The article also described ongoing corruption inside the PLA as follows: "For officers who pay bribes to be promoted, corruption is a way to make a return on their investment," and, "Examples of graft include leasing military land to private business, selling military license plates, illegally occupying PLA apartments or taking kickbacks when buying food or equipment."

"What worries some generals and other Chinese experts is," the article continues, "that the buying and selling of senior jobs - long an open secret in China - has led to those with talent being cast aside." "Do we want this historic tragedy to be repeated by our people's army?" a famous Major General commentator wrote in a popular paper in China.

Another famous retired Major General even stated that "If corruption is not excised we will be defeated before we even go into battle." What a coincidence! That is exactly what happened to the Iraqi Armed Forces in Mosul on June 20, 2014, when the Iraqi soldiers slipped away and went home before they could confront the ISIS fighters, and consequently lost Iraq's second biggest city.

The Iraqi army, when U.S. combat troops left Iraq in 2011, was a fairly well-trained and disciplined all-Iraqi armed force of commanders and soldiers. The Americans had trained them for 8 years and equipped them with the latest U.S.-made weapons, munitions, tanks and transport vehicles. They were supposed to have easily defeated enemies like ISIS by 2014.

A primary cause for why Iraqi troops were so weak in Northern Iraq came from the actions of Nuri Al-Maliki, the former Prime Minister of Iraq.

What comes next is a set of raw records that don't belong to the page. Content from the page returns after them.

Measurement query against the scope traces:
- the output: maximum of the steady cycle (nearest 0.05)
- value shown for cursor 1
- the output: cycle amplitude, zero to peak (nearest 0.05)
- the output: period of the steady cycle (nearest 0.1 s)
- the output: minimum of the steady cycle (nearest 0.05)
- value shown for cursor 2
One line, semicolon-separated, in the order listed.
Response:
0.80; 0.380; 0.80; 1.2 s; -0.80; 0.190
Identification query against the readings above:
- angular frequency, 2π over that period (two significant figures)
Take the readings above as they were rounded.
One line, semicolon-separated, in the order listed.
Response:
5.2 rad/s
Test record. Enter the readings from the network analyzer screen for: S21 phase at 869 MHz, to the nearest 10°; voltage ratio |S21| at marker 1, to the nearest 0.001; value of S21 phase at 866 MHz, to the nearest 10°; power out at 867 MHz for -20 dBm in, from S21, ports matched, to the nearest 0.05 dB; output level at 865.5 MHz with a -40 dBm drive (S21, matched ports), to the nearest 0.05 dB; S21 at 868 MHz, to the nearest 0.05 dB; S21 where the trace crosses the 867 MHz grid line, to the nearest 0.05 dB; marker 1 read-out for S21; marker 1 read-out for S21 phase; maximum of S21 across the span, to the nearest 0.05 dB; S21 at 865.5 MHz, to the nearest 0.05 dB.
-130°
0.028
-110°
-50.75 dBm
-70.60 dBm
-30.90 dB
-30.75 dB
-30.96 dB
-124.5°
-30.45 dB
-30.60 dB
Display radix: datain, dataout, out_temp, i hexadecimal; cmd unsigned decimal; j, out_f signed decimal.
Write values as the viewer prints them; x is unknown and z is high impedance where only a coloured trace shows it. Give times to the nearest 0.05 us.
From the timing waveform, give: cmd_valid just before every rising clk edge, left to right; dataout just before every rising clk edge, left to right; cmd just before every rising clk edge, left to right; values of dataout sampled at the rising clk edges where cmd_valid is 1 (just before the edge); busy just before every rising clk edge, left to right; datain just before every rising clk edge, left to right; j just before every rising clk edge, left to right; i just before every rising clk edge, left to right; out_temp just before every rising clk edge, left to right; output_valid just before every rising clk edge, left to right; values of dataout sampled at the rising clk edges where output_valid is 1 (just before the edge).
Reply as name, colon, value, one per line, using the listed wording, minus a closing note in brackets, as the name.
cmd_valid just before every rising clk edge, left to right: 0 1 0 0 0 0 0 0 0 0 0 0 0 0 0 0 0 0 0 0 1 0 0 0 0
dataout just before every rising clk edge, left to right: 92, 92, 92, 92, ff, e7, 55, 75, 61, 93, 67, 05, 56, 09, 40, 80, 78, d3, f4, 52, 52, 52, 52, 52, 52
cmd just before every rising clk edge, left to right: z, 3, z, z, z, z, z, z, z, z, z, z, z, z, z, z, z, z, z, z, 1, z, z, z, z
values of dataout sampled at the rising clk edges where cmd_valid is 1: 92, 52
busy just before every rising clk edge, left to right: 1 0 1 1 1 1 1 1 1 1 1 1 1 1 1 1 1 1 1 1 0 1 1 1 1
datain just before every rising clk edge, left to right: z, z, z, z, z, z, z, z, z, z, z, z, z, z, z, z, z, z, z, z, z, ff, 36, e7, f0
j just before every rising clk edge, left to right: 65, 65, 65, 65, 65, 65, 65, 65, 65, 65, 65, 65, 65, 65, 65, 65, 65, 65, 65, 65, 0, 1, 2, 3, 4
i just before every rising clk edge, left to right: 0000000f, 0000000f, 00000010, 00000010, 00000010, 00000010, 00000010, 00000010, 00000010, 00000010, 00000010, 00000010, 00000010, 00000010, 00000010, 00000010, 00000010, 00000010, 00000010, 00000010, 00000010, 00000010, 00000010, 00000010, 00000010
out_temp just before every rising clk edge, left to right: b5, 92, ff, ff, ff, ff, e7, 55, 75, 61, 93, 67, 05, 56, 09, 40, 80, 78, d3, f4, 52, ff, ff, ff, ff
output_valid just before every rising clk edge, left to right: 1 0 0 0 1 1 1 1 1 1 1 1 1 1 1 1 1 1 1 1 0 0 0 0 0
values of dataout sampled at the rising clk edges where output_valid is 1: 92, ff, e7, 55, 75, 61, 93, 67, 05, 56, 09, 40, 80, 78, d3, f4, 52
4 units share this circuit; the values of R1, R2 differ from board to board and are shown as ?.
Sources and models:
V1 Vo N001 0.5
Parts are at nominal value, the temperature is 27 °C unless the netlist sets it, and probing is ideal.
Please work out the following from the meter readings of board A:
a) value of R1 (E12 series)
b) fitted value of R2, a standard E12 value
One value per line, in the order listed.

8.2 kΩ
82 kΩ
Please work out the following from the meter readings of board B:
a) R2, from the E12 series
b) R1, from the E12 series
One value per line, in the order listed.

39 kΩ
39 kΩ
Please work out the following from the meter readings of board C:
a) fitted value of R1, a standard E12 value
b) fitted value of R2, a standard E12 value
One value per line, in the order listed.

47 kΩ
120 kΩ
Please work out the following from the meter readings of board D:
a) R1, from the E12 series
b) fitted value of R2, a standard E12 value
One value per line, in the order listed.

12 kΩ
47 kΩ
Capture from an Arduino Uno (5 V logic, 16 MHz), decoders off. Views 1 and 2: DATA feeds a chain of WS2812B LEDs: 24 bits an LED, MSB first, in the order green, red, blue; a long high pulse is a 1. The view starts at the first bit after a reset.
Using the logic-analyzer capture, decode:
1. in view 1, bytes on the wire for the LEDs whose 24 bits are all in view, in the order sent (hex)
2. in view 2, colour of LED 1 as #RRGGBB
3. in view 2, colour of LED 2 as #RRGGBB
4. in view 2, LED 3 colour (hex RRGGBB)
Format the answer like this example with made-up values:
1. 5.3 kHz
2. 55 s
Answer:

In concurrently holding the posts of Defense and Interior Minister in his second term after December 2010, he personally dominated Iraq's armed and security forces and eventually replaced dozens of talented non-Shia commanders with his favored friends and associates.

The end result was chronic corruption. What happened to the Iraqi military after 2011 is exactly the same as what happened in the Qing army, and is probably happening now in the PLA. If professional military posts are for sale and only the incapable are promoted to commanding positions, rank-and-file soldiers will hesitate to obey and die for the corrupt commanders on the battlefield.

What lessons can be learned from the above?

First of all, these examples show how vulnerable rapidly expanded but highly corrupt armed forces can be. Alienated soldiers under corrupt commanders will be undisciplined and in many cases have their own agenda and conduct independent activities. This was the case in the much less corrupt Japanese Imperial Army in Manchuria in the 1930s and 40s, and probably is the case inside the PLA.

Secondly, contrary to the first point, it should be also noted that China's recent nationwide anti-corruption campaign, a great experiment, may make a difference. If the clean up is successful, China may finally have a real professional military, multiplying its war-fighting capability. China may not be there yet but we should prepare ourselves for that eventuality.

Finally, underestimation is our greatest risk. The result of this experiment in the PLA will ultimately define the future of Japan's national security policy, the Japan-U.S. security arrangements and of Japan-China relations. Modern China is neither the Qing dynasty nor post-Saddam Iraq. Who knows? She may have the ability to change herself politically as well as militarily.